Auch wenn man Twilight nicht mag, kann man nicht leugnen, dass die Filmreihe um die Bücher vom Stephanie Meyer auch durchaus positive Seiten hat. Zum Beispiel das viele Geld, das die Filme eingespielt haben, wodurch Summit Entertainment vom kleinen Indie- zum großen Mitmischerstudio wurde. Ähnlich wie 20th Century FOX (Avatar) hat man nun ein wenig Überschuss und kann auch mal Genreproduktionen wie ‘Source Code’ finanzieren, was Sci-Fi Freunde glücklich macht. In der Hose.

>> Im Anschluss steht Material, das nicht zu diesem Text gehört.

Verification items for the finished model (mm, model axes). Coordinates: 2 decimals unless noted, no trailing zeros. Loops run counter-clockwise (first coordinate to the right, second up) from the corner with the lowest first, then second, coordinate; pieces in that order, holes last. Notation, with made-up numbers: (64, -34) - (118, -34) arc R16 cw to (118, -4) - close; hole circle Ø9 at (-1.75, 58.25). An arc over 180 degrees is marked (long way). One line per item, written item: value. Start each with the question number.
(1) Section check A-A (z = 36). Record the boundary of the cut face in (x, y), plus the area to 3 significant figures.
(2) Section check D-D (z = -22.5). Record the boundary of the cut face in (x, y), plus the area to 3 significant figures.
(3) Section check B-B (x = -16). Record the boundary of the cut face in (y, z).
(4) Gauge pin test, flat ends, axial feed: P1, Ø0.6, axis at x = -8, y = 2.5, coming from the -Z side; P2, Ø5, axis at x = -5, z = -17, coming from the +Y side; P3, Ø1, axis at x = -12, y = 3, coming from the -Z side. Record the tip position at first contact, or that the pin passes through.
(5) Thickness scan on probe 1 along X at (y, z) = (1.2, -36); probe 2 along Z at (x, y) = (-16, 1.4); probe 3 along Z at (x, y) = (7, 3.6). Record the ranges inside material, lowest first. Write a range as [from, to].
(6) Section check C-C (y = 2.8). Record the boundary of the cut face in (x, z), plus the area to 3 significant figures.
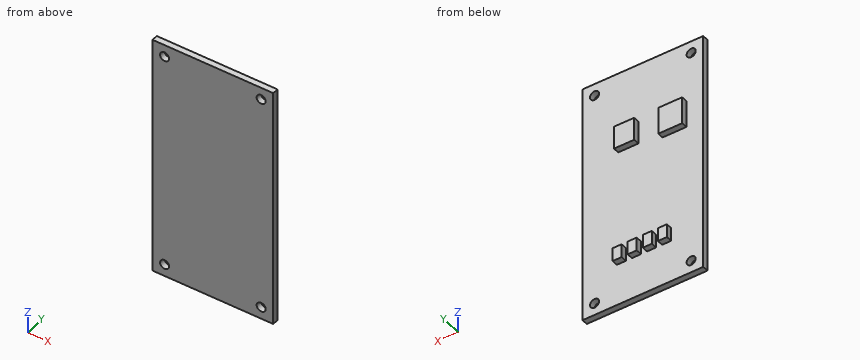
```python
from build123d import *

# Parameters (mm, degrees)
SKETCH_1_W      = 40
SKETCH_1_H      = 80
SKETCH_1_R      = 1.5
EXTRUDE_1_DEPTH = 2
SKETCH_2_W      = 6.701778473
SKETCH_2_H      = 7.607424212
SKETCH_2_W_2    = 7.9099244
SKETCH_2_H_2    = 8.978833102
SKETCH_2_W_3    = 2.99163276
SKETCH_2_H_3    = 4.442525683
EXTRUDE_2_DEPTH = 2


with BuildPart() as part:
    # 草图1 → 凸台-拉伸1 (new body)
    with BuildSketch(Plane(origin=(0, 0, 0), x_dir=(1, 0, 0), z_dir=(0, 1, 0))):
        Rectangle(SKETCH_1_W, SKETCH_1_H)
        with Locations((-16, 36)):
            Circle(SKETCH_1_R, mode=Mode.SUBTRACT)
        with Locations((16, 36)):
            Circle(SKETCH_1_R, mode=Mode.SUBTRACT)
        with Locations((16, -36)):
            Circle(SKETCH_1_R, mode=Mode.SUBTRACT)
        with Locations((-16, -36)):
            Circle(SKETCH_1_R, mode=Mode.SUBTRACT)
    extrude(amount=EXTRUDE_1_DEPTH)

    # 草图2 → 凸台-拉伸2 (add)
    with BuildSketch(Plane(origin=(0, 2, 0), x_dir=(1, 0, 0), z_dir=(0, 1, 0))):
        with Locations((4.815794002, -16.482035575)):
            Rectangle(SKETCH_2_W, SKETCH_2_H)
        with Locations((-10.475305286, -15.552621624)):
            Rectangle(SKETCH_2_W_2, SKETCH_2_H_2)
        with Locations((-7.87829503, 23.838782087)):
            Rectangle(SKETCH_2_W_3, SKETCH_2_H_3)
        with Locations((-2.87829503, 23.838782087)):
            Rectangle(SKETCH_2_W_3, SKETCH_2_H_3)
        with Locations((2.12170497, 23.838782087)):
            Rectangle(SKETCH_2_W_3, SKETCH_2_H_3)
        with Locations((7.12170497, 23.838782087)):
            Rectangle(SKETCH_2_W_3, SKETCH_2_H_3)
    extrude(amount=EXTRUDE_2_DEPTH)


solid = part.part
```
Responses:
1. outline: (-20, 0) - (-17.5, 0) - (-17.5, 2) - (-20, 2) - close; (-14.5, 0) - (14.5, 0) - (14.5, 2) - (-14.5, 2) - close; (17.5, 0) - (20, 0) - (20, 2) - (17.5, 2) - close
1. area: 68.0 mm²
2. outline: (-20, 0) - (20, 0) - (20, 2) - (8.62, 2) - (8.62, 4) - (5.63, 4) - (5.63, 2) - (3.62, 2) - (3.62, 4) - (0.63, 4) - (0.63, 2) - (-1.38, 2) - (-1.38, 4) - (-4.37, 4) - (-4.37, 2) - (-6.38, 2) - (-6.38, 4) - (-9.37, 4) - (-9.37, 2) - (-20, 2) - close
2. area: 104 mm²
3. outline: (0, -40) - (2, -40) - (2, -37.5) - (0, -37.5) - close; (0, -34.5) - (2, -34.5) - (2, 34.5) - (0, 34.5) - close; (0, 37.5) - (2, 37.5) - (2, 40) - (0, 40) - close
4. P1: stops at z = -26.06
4. P2: stops at y = 2
4. P3: stops at z = 11.06
5. probe 1: x = [-20, -17.5], [-14.5, 14.5], [17.5, 20]
5. probe 2: z = [-40, -37.5], [-34.5, 34.5], [37.5, 40]
5. probe 3: z = [-26.06, -21.62], [12.68, 20.29]
6. outline: (-14.43, 11.06) - (-6.52, 11.06) - (-6.52, 20.04) - (-14.43, 20.04) - close; (-9.37, -26.06) - (-6.38, -26.06) - (-6.38, -21.62) - (-9.37, -21.62) - close; (-4.37, -26.06) - (-1.38, -26.06) - (-1.38, -21.62) - (-4.37, -21.62) - close; (0.63, -26.06) - (3.62, -26.06) - (3.62, -21.62) - (0.63, -21.62) - close; (1.46, 12.68) - (8.17, 12.68) - (8.17, 20.29) - (1.46, 20.29) - close; (5.63, -26.06) - (8.62, -26.06) - (8.62, -21.62) - (5.63, -21.62) - close
6. area: 175 mm²

Soldat Colter Stevens wacht orientierungslos in einem Passagierzug auf. Die ihm gegenüber sitzende Frau scheint ihn gut zu kennen, doch er hat sie noch nie zuvor gesehen. Als er in den Spiegel schaut, erblickt er ein unbekanntes Gesicht. Noch bevor er diesen Schock verarbeiten kann, explodiert der Zug. Doch das ist nicht das Ende. Colter Stevens wacht auf und realisiert, dass er gerade die letzten 8 Minuten eines anderen Menschen mit Hilfe einer Maschine namens “Source Code” erleben konnte. Da der Anschlag auf den Zug nur der Anfang war und eine Atombombe die Millionenstadt Chicago bedroht, muss Stevens immer wieder erneut in 8 Minuten versuchen herauszufinden, wer den Anschlag auf den Zug verübt hat, um so den Nuklearanschlag zu stoppen. Doch schon bald entwickelt er Gefühle für die eigentlich bereits verstorbenen Menschen und besonders für die Frau, die ihn so gut zu kennen scheint. Kann Stevens sie vielleicht retten?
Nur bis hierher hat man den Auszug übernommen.